The single Let binding Let x = 42 looks like this:

Let
   (false,
    [Binding
       (None,NormalBinding,false,false,[],
        PreXmlDoc ((2,5),Microsoft.FSharp.Compiler.Ast+XmlDocCollector),
        SynValData (None,SynValInfo ([],SynArgInfo ([],false,None)),None),
        Named
          (Wild tmp.fsx (2,4--2,5) IsSynthetic=false,x,false,None,
           tmp.fsx (2,4--2,5) IsSynthetic=false),None,
        Const (Int32 42,tmp.fsx (2,8--2,10) IsSynthetic=false),
        tmp.fsx (2,4--2,5) IsSynthetic=false,
        SequencePointAtBinding tmp.fsx (2,0--2,10) IsSynthetic=false)],
    tmp.fsx (2,0--2,10) IsSynthetic=false)

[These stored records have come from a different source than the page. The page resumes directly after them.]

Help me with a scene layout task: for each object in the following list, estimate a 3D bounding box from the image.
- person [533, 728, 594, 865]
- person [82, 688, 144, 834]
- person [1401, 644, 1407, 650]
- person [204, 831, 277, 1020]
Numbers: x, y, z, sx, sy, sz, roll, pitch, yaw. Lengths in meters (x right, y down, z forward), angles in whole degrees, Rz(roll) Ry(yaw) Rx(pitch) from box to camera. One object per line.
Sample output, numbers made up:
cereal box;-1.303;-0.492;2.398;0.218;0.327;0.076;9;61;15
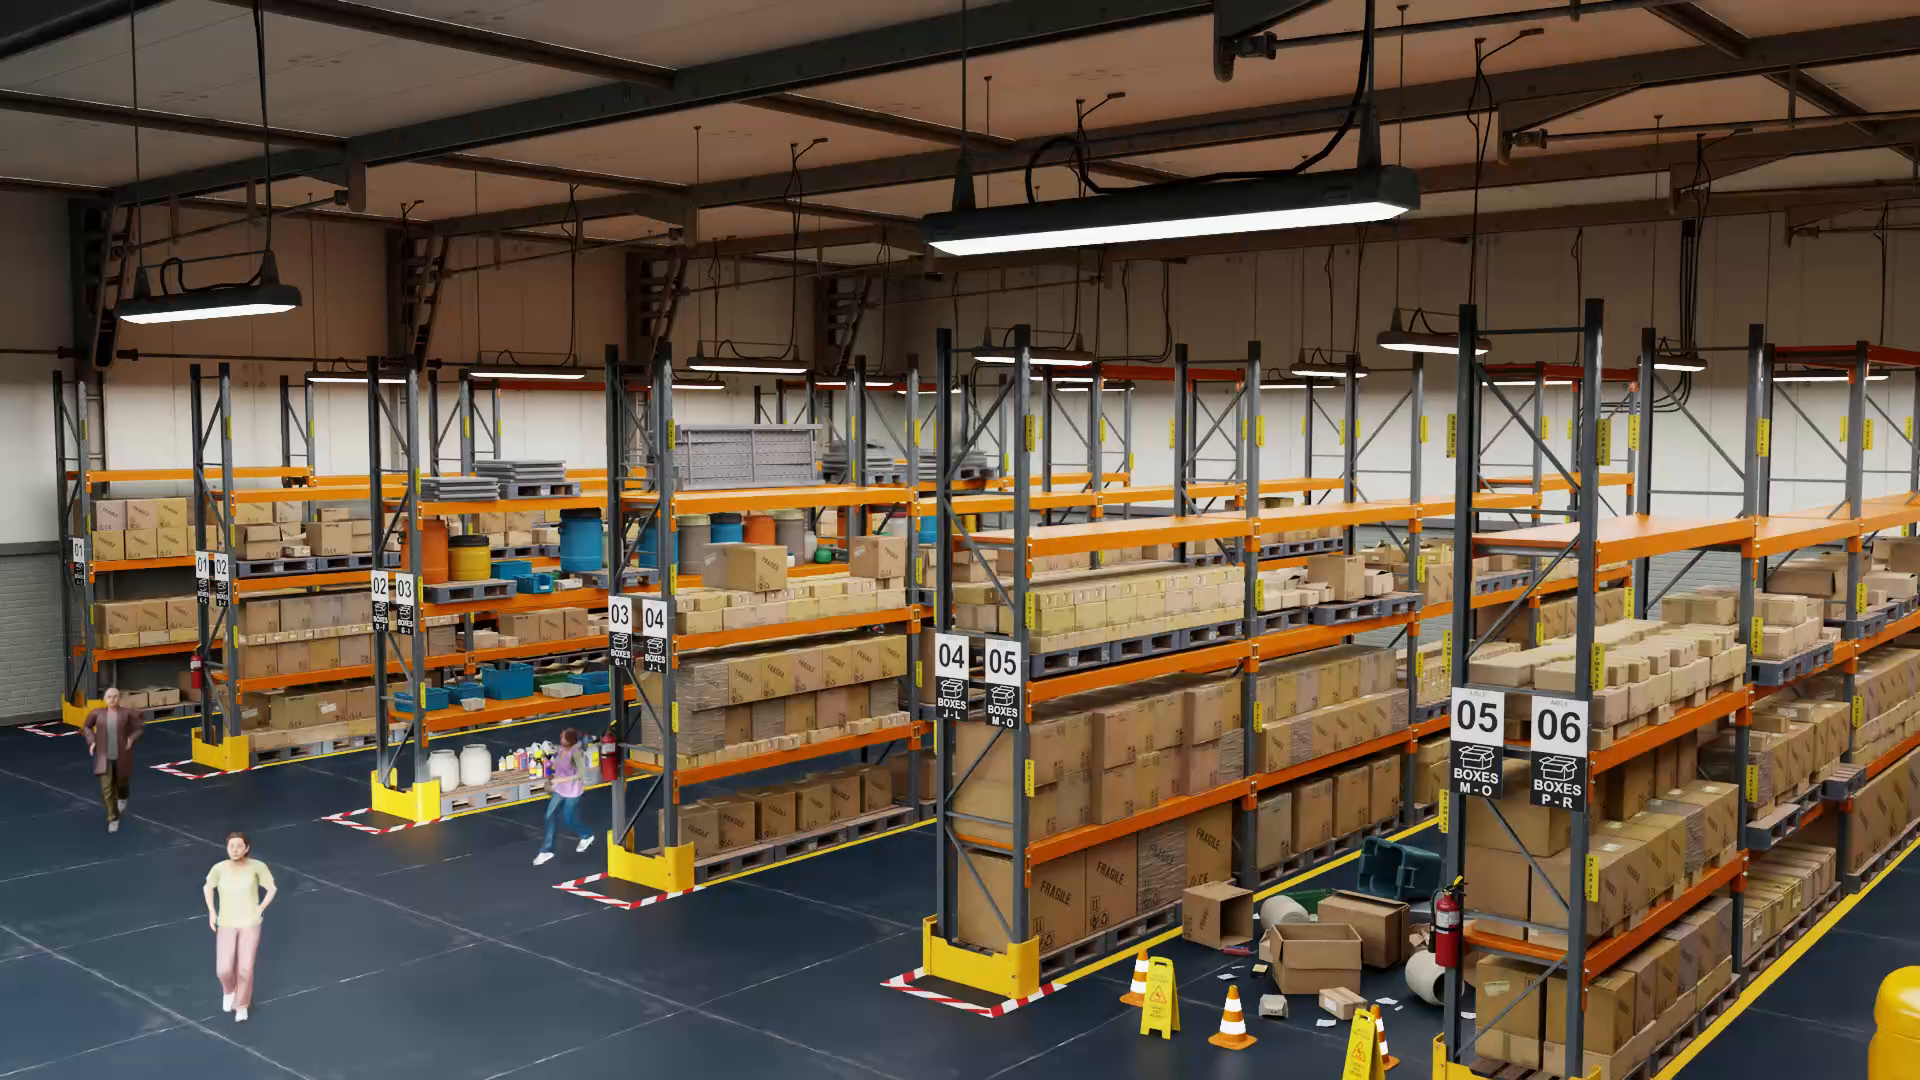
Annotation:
person;-4.586;2.974;19.465;0.570;1.583;0.812;4;5;41
person;-10.781;2.764;21.170;0.698;1.779;0.970;-2;4;-24
person;6.975;2.461;25.946;0.584;1.710;0.667;4;6;43
person;-6.188;3.316;14.301;0.591;1.638;0.530;-1;4;-18

On its own it would be defined as SynModuleDecl.Let(false, bindings, range), which would require the construction of a list of Bindings, a Binding is defined like this:

SynBinding =
| Binding of
    accessibility: SynAccess option *
    kind: SynBindingKind *
    mustInline: bool *
    isMutable: bool *
    attrs: SynAttributes *
    xmlDoc: PreXmlDoc *
    valData: SynValData *
    headPat: SynPat *
    returnInfo: SynBindingReturnInfo option *
    expr: SynExpr  *
    range: range *
    seqPoint: SequencePointInfoForBinding
SynBinding.Binding(
    None,
    NormalBinding,
    false,
    false,
    [],
    PreXmlDoc(range.zero, XmlDocCollector()),
    SynValData(None, SynValInfo([], SynArgInfo ([], false, None)), None),
    Named(Wild, "tmp.fsx, range.zero, IsSynthetic=false, "x", false, None, "tmp.fsx", range.zero, IsSynthetic=false),
    None,
    Const (Int32, 42,"tmp.fsx", range.zero, IsSynthetic=false),
    "tmp.fsx", range.zero, IsSynthetic=false,
    SequencePointAtBinding("tmp.fsx", range.zero, IsSynthetic=false)

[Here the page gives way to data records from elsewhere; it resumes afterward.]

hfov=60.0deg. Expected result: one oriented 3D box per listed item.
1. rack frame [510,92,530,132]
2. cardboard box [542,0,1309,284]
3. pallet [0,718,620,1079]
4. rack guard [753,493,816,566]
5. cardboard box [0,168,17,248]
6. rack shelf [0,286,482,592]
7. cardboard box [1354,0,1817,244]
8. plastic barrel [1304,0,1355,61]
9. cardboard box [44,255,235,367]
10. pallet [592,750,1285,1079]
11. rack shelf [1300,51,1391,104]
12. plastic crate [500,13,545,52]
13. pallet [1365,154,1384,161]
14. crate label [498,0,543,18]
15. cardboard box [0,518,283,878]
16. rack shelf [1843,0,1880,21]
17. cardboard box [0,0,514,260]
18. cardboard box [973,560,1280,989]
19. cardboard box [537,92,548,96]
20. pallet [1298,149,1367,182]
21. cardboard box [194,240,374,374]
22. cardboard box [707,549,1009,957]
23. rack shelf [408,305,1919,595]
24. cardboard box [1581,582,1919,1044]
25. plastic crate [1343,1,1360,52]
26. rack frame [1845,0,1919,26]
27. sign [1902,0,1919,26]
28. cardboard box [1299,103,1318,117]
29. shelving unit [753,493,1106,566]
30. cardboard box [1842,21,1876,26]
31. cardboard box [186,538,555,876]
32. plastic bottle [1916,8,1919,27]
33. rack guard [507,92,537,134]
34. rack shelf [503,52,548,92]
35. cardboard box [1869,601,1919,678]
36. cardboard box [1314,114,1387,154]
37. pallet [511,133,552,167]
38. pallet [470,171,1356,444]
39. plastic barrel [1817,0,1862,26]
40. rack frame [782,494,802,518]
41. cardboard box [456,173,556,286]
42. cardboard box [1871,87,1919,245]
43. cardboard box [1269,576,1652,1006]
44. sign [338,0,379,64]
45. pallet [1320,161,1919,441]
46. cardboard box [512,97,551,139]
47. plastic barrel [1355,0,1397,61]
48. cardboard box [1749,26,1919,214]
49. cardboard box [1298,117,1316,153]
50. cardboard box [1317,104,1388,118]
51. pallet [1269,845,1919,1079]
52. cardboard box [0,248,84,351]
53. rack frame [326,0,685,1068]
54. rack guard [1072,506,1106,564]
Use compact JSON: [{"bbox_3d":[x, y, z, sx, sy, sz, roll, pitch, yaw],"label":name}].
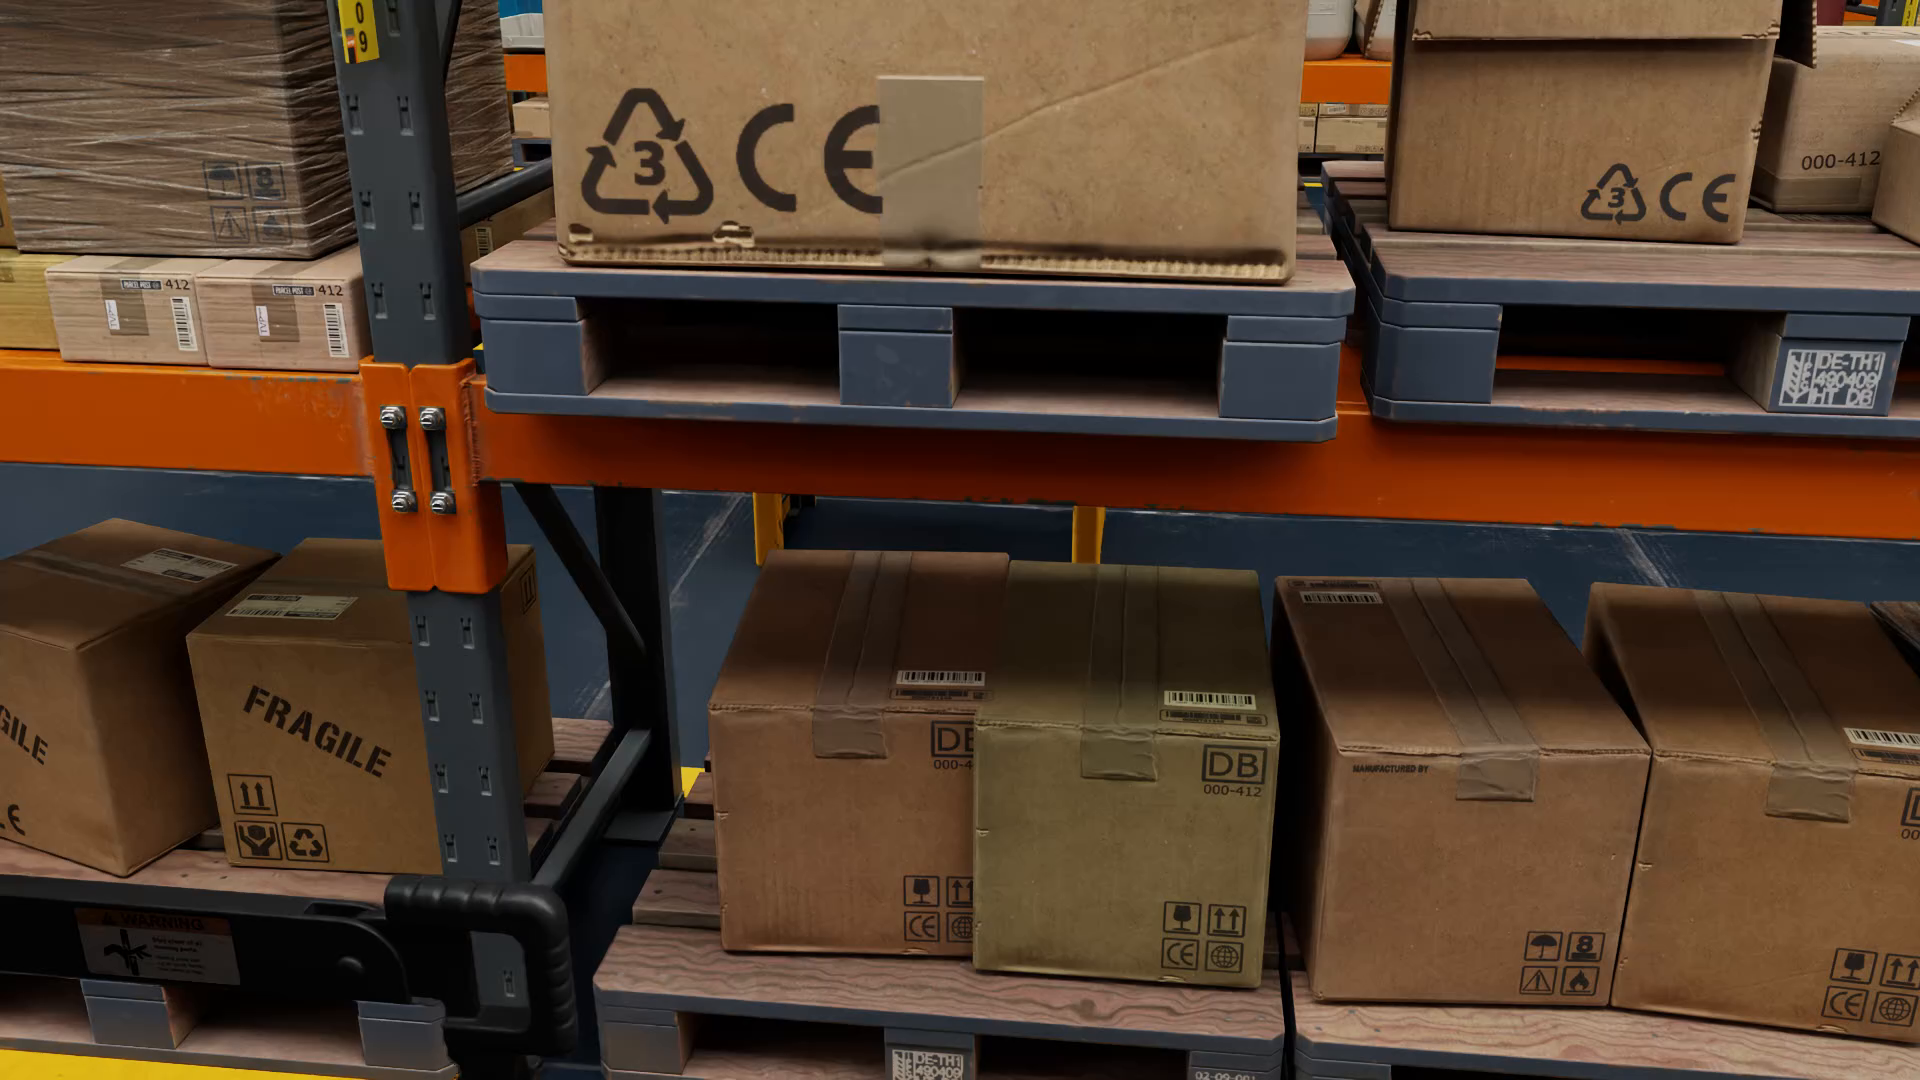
[{"bbox_3d":[-3.572,-4.401,12.492,0.127,3.000,1.000,2,22,6],"label":"rack frame"},{"bbox_3d":[0.003,-1.000,2.502,1.000,1.000,1.000,3,22,7],"label":"cardboard box"},{"bbox_3d":[-1.441,0.669,3.459,1.213,0.211,1.003,2,22,6],"label":"pallet"},{"bbox_3d":[-0.570,-0.141,5.457,0.087,0.250,0.587,2,22,6],"label":"rack guard"},{"bbox_3d":[-1.701,-0.873,3.026,0.500,0.500,0.875,2,22,6],"label":"cardboard box"},{"bbox_3d":[-2.756,-0.363,3.257,4.000,0.370,1.077,2,22,6],"label":"rack shelf"},{"bbox_3d":[0.963,-0.813,2.705,0.637,0.503,0.797,5,22,12],"label":"cardboard box"},{"bbox_3d":[1.466,-2.329,7.067,0.433,0.535,0.433,0,22,0],"label":"plastic barrel"},{"bbox_3d":[-1.265,-0.411,2.740,0.250,0.149,0.380,2,22,6],"label":"cardboard box"},{"bbox_3d":[0.004,0.719,3.335,1.213,0.211,1.003,2,22,6],"label":"pallet"},{"bbox_3d":[1.800,-1.998,7.393,4.000,0.370,1.077,2,22,6],"label":"rack shelf"},{"bbox_3d":[-1.829,-2.275,7.472,0.437,0.136,0.530,2,22,6],"label":"plastic crate"},{"bbox_3d":[3.559,-2.808,12.255,1.213,0.211,1.003,2,22,6],"label":"pallet"},{"bbox_3d":[-2.299,-2.628,7.959,0.616,0.435,0.502,2,22,6],"label":"crate label"},{"bbox_3d":[-1.732,0.302,3.425,0.500,0.500,0.500,10,24,23],"label":"cardboard box"},{"bbox_3d":[6.358,-3.634,11.529,4.000,0.370,1.077,2,22,6],"label":"rack shelf"},{"bbox_3d":[-1.209,-0.838,2.939,0.500,0.500,0.875,2,22,6],"label":"cardboard box"},{"bbox_3d":[0.309,0.409,3.128,0.500,0.500,0.700,2,22,6],"label":"cardboard box"},{"bbox_3d":[-3.005,-3.752,12.998,0.500,0.500,0.500,2,22,6],"label":"cardboard box"},{"bbox_3d":[2.351,-2.862,12.391,1.213,0.211,1.003,2,22,6],"label":"pallet"},{"bbox_3d":[-1.018,-0.396,2.704,0.250,0.149,0.380,2,22,6],"label":"cardboard box"},{"bbox_3d":[-0.162,0.381,3.197,0.500,0.500,0.700,1,22,2],"label":"cardboard box"},{"bbox_3d":[1.217,-0.190,2.819,4.000,0.370,1.077,2,22,6],"label":"rack shelf"},{"bbox_3d":[1.419,0.457,3.006,0.500,0.500,0.700,4,22,11],"label":"cardboard box"},{"bbox_3d":[1.576,-2.349,7.589,0.662,0.188,0.450,2,22,6],"label":"plastic crate"},{"bbox_3d":[3.786,-2.246,7.042,0.127,3.000,1.000,2,22,6],"label":"rack frame"},{"bbox_3d":[3.728,-2.121,6.503,0.005,0.325,0.100,2,22,6],"label":"sign"},{"bbox_3d":[2.308,-3.230,11.937,0.500,0.311,0.500,3,22,8],"label":"cardboard box"},{"bbox_3d":[-0.076,-0.701,5.172,1.083,1.500,0.587,2,22,6],"label":"shelving unit"},{"bbox_3d":[8.263,-4.867,16.023,0.750,0.750,0.750,3,22,7],"label":"cardboard box"},{"bbox_3d":[-1.162,0.324,3.369,0.500,0.500,0.500,2,22,5],"label":"cardboard box"},{"bbox_3d":[4.238,-2.330,7.413,0.133,0.283,0.061,2,22,6],"label":"plastic bottle"},{"bbox_3d":[-3.596,-3.239,12.954,0.348,0.500,1.175,2,22,6],"label":"rack guard"},{"bbox_3d":[-2.173,-2.171,7.831,4.000,0.370,1.077,2,22,6],"label":"rack shelf"},{"bbox_3d":[1.983,0.479,2.950,0.500,0.500,0.700,1,22,2],"label":"cardboard box"},{"bbox_3d":[2.810,-2.949,11.988,0.500,0.250,0.500,3,22,8],"label":"cardboard box"},{"bbox_3d":[-2.808,-3.086,12.959,1.213,0.211,1.003,2,22,6],"label":"pallet"},{"bbox_3d":[-0.028,-0.436,2.723,1.213,0.211,1.003,2,22,6],"label":"pallet"},{"bbox_3d":[3.289,-2.219,6.788,0.708,0.536,0.600,2,22,6],"label":"plastic barrel"},{"bbox_3d":[-0.590,-0.723,5.229,0.032,1.500,0.500,2,22,6],"label":"rack frame"},{"bbox_3d":[-0.948,-0.613,3.253,0.250,0.149,0.380,2,22,6],"label":"cardboard box"},{"bbox_3d":[1.515,-0.544,2.349,0.258,0.266,0.396,2,22,5],"label":"cardboard box"},{"bbox_3d":[0.865,0.433,3.067,0.500,0.500,0.700,1,22,2],"label":"cardboard box"},{"bbox_3d":[-0.826,-0.815,2.245,0.005,0.325,0.100,2,22,6],"label":"sign"},{"bbox_3d":[1.232,-0.420,2.682,1.213,0.211,1.003,2,22,6],"label":"pallet"},{"bbox_3d":[-3.066,-3.213,12.656,0.500,0.250,0.500,2,22,6],"label":"cardboard box"},{"bbox_3d":[1.896,-2.311,7.020,0.433,0.535,0.433,0,22,0],"label":"plastic barrel"},{"bbox_3d":[1.565,-0.720,2.814,0.500,0.250,0.500,2,22,5],"label":"cardboard box"},{"bbox_3d":[2.299,-2.970,12.041,0.500,0.250,0.500,3,22,7],"label":"cardboard box"},{"bbox_3d":[2.805,-3.208,11.880,0.500,0.311,0.500,2,22,6],"label":"cardboard box"},{"bbox_3d":[1.219,0.771,3.203,1.213,0.211,1.003,2,22,6],"label":"pallet"},{"bbox_3d":[-1.506,-0.443,2.823,0.250,0.149,0.380,2,22,6],"label":"cardboard box"},{"bbox_3d":[-0.769,-0.611,2.906,0.127,3.000,1.000,2,22,6],"label":"rack frame"},{"bbox_3d":[0.419,-0.098,5.348,0.087,0.250,0.587,2,22,6],"label":"rack guard"}]

You can see that defining these nodes can get complicated really quickly. With FsAst we can define the above Let AST fragment like this:

SynModuleDecl.CreateLet(
    { SynBindingRcd.Let with
        Pattern = SynPatRcd.CreateNamed(Ident.Create "x", SynPatRcd.CreateWild)
        Expr = SynExpr.CreateConst(SynConst.Int32 42)
    } )

This makes constructing aST fragments a lot easier!

Here is a snippet of code from Myriad which create a field mapping for a record:

let createMap (parent: LongIdent) (field: SynField)  =
    let field = field.ToRcd
    let fieldName = match field.Id with None -> failwith "no field name" | Some f -> f 

    let recordType =
        LongIdentWithDots.Create (parent |> List.map (fun i -> i.idText))
        |> SynType.CreateLongIdent

    let varName = "x"
    let pattern =
        let name = LongIdentWithDots.Create([fieldName.idText])
        let arg =
            let named = SynPatRcd.CreateNamed(Ident.Create varName, SynPatRcd.CreateWild )
            SynPatRcd.CreateTyped(named, recordType)
            |> SynPatRcd.CreateParen

        SynPatRcd.CreateLongIdent(name, [arg])

    let expr =
        let ident = LongIdentWithDots.Create [ yield varName; yield fieldName.idText]
        SynExpr.CreateLongIdent(false, ident, None)

    let valData =
        let argInfo = SynArgInfo.CreateIdString "x"
        let valInfo = SynValInfo.SynValInfo([[argInfo]], SynArgInfo.Empty)
        SynValData.SynValData(None, valInfo, None)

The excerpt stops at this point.